4. Enable the Adaptive Sync or FreeSync in monitor's OSD settings.
5. Select the NVIDIA Control Panel -> Display -> Setup G-Sync -> Enable G-Sync, G-Sync Compatible and then click apply. Now, G-Sync is available!

G-SYNC-Settings

Different Levels of NVIDIA G-Sync Experiences

NVIDIA G-Sync Driver Support can be broken down into four segments each of which will be supported by the new driver to different extents.

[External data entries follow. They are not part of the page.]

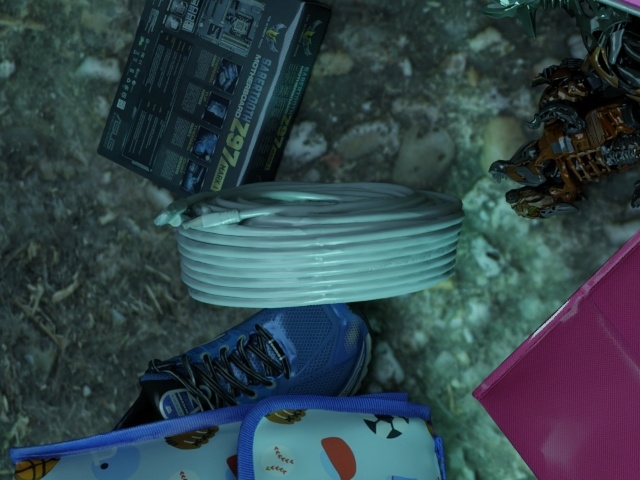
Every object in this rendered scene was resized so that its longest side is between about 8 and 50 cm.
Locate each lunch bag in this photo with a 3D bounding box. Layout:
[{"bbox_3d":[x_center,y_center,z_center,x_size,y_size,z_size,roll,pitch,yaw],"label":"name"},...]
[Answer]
[{"bbox_3d":[-0.066,0.320,1.323,0.385,0.239,0.328,-9,66,8],"label":"lunch bag"}]

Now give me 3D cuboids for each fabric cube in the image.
[{"bbox_3d":[0.325,0.130,1.146,0.259,0.254,0.258,-48,66,24],"label":"fabric cube"}]

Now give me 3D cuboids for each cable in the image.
[{"bbox_3d":[0.000,0.000,1.345,0.257,0.257,0.089,1,98,10],"label":"cable"}]

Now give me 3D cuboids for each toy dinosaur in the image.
[{"bbox_3d":[0.264,-0.156,1.270,0.322,0.164,0.218,-39,86,7],"label":"toy dinosaur"}]

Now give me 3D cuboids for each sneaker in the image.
[{"bbox_3d":[-0.086,0.152,1.464,0.330,0.147,0.130,-41,72,25],"label":"sneaker"}]

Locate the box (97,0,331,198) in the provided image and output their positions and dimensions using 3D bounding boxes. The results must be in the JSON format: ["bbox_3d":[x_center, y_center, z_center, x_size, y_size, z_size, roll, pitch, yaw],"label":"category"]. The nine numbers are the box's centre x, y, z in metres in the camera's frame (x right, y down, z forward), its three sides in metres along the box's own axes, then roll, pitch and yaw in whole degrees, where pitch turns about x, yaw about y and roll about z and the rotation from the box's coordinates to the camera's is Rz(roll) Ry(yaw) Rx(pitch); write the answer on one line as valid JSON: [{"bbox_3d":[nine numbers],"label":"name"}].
[{"bbox_3d":[-0.110,-0.159,1.518,0.183,0.059,0.233,26,104,28],"label":"box"}]

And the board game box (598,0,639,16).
[{"bbox_3d":[0.412,-0.312,1.115,0.390,0.050,0.390,25,93,15],"label":"board game box"}]
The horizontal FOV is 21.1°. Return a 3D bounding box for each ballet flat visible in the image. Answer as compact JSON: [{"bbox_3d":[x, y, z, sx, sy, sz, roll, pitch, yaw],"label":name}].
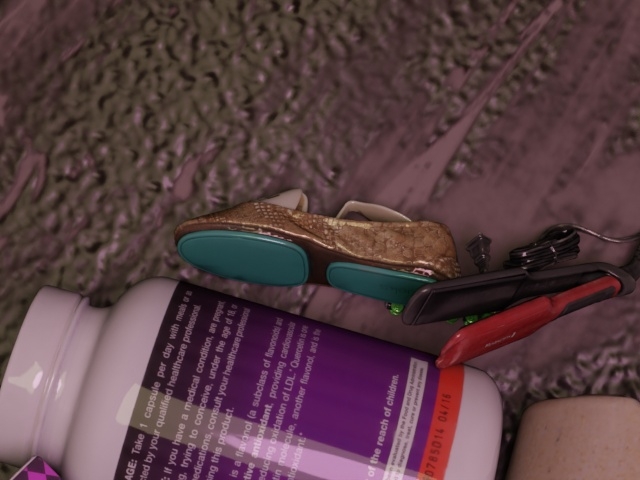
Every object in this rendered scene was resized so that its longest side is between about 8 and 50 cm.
[{"bbox_3d":[0.000,0.000,1.238,0.206,0.073,0.067,12,57,1],"label":"ballet flat"}]

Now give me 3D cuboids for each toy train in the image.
[{"bbox_3d":[0.089,0.047,1.256,0.083,0.017,0.024,8,76,-1],"label":"toy train"}]

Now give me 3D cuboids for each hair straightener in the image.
[{"bbox_3d":[0.145,0.017,1.195,0.230,0.047,0.089,-20,59,-35],"label":"hair straightener"}]

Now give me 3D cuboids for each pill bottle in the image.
[{"bbox_3d":[-0.050,0.133,1.165,0.323,0.181,0.181,17,87,-1],"label":"pill bottle"}]

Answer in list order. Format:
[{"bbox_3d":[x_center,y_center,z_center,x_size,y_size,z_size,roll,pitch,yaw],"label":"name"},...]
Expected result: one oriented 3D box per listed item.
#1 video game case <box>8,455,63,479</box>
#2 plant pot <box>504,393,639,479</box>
[{"bbox_3d":[-0.142,0.261,1.148,0.232,0.210,0.042,46,59,0],"label":"video game case"},{"bbox_3d":[0.221,0.271,1.120,0.333,0.334,0.305,11,76,-1],"label":"plant pot"}]
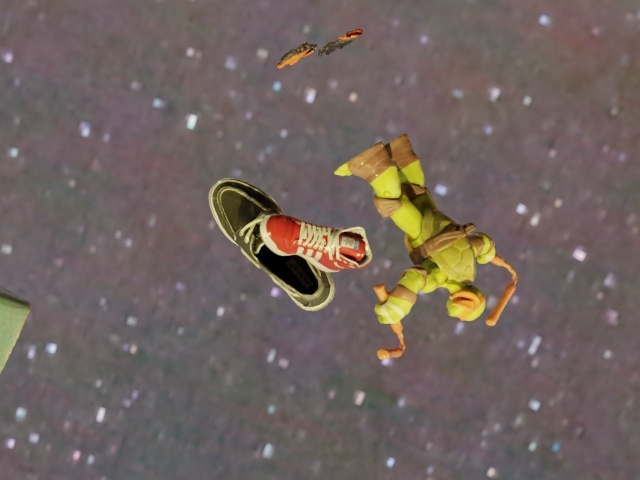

a.       Non-Validated: Sync-Capable Monitor that NVIDIA hasn’t approved yet but can work with their driver

        i. Variable Refresh Rate

        ii. Flicker-Free, Little Blanking, Little Artifacts

        iii. Default Off

b.      G-Sync Compatible: Non-G-Sync monitor that NVIDIA has approved to work with their Driver

        i. Variable Refresh Rate

        ii. Flicker-Free, Little Blanking, Little Artifacts

        iii. Default On

c.       G-Sync Premium: Monitor that is developed using NVIDIA Chipset

        i. 300+ Image Quality Test

        ii. Variable Refresh Rate

        iii. Variable Overdrive

        iv. Factory Color Calibration

        v. ULMB & Overclocking

        vi. NVIDA G-Sync Processor

d.      G-Sync Ultimate HDR: Monitor Capable of at least HDR600 and would require NVIDIA R3 Chipset

        i. 1000+ Nits Max Brightness

        ii. Very High Resolution + Very High Hertz Refresh Rate

        iii. Ultra Low Latency

        iv. Multi-Zone Backlight

        v. Wide Color Gamut

        vi. NVIDA G-Sync Processor

To see a list of G-Sync and G-Sync compatible monitors, please visit NVIDIA’s website.

ViewSonic-ELITE-with-NVIDIA

Here at ViewSonic Elite, we appreciate what NVIDIA has done with the driver update, opening up support, as this is finally introducing a wider range of monitor features for those customers who are already using GTX Series 10 & 20.